*** EXTRACTED ENTRIES

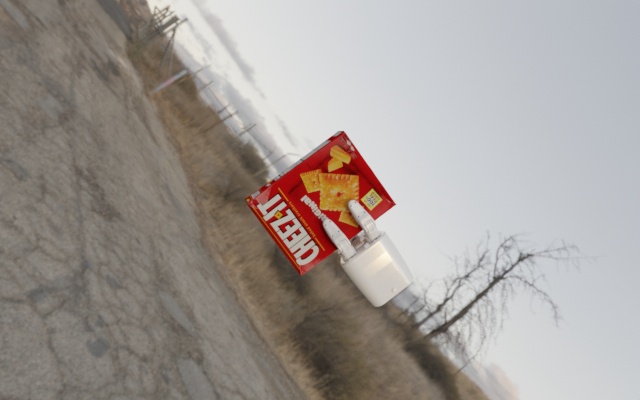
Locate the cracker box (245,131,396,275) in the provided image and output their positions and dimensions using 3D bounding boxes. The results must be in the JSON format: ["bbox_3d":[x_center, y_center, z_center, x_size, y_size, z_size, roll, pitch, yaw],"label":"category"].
[{"bbox_3d":[0.000,0.003,0.850,0.213,0.164,0.072,-36,11,-4],"label":"cracker box"}]
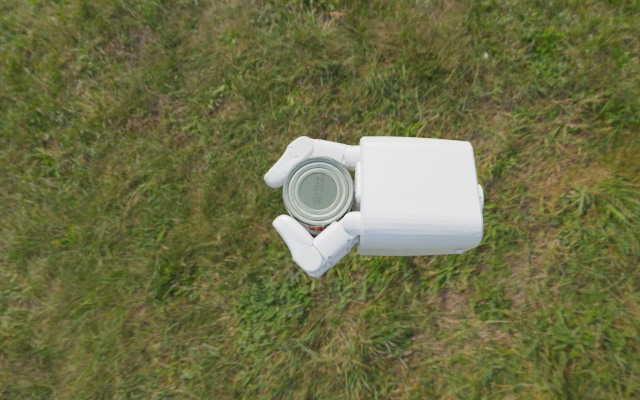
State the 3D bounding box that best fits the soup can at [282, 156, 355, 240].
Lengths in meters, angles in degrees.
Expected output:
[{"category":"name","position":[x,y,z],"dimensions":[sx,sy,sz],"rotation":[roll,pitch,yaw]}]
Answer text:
[{"category":"soup can","position":[0.000,0.001,0.479],"dimensions":[0.068,0.068,0.102],"rotation":[0,-12,2]}]
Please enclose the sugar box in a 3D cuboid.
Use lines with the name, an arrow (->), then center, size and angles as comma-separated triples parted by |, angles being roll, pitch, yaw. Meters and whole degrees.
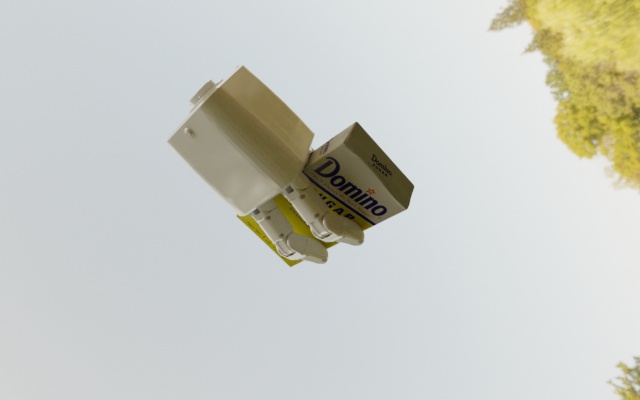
sugar box -> 0.000, 0.002, 0.504 | 0.176, 0.093, 0.048 | -31, 22, 41
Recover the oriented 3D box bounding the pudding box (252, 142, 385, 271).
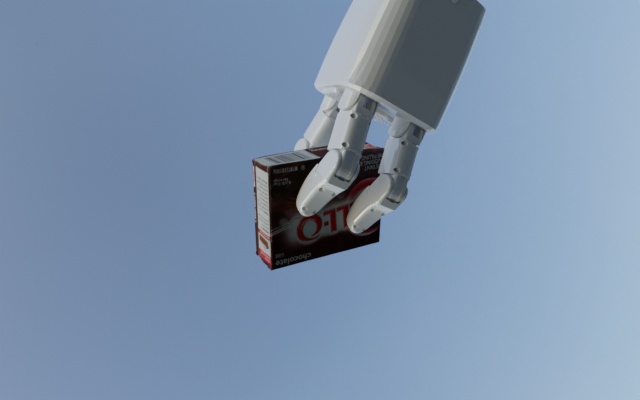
[{"bbox_3d":[0.000,0.001,0.409,0.113,0.090,0.039,-11,23,-26],"label":"pudding box"}]
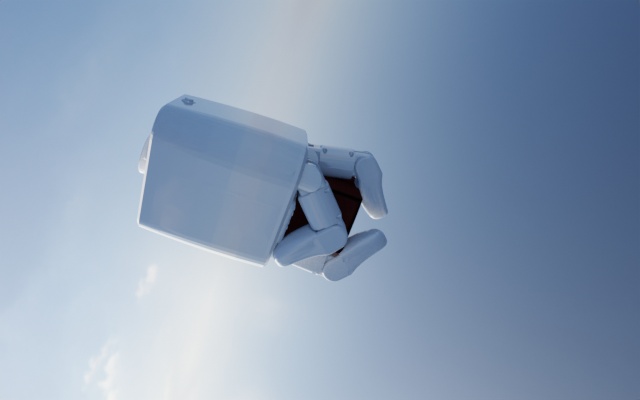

******

TASK STATEMENT:
Exactly the lines from the one holding "Recover the oriented" to the last line of the records above should be duplicated, with no pictures among them.

THE ANSWER:
Recover the oriented 3D box bounding the pudding box (252, 142, 385, 271).
[{"bbox_3d":[0.000,0.001,0.409,0.113,0.090,0.039,-11,23,-26],"label":"pudding box"}]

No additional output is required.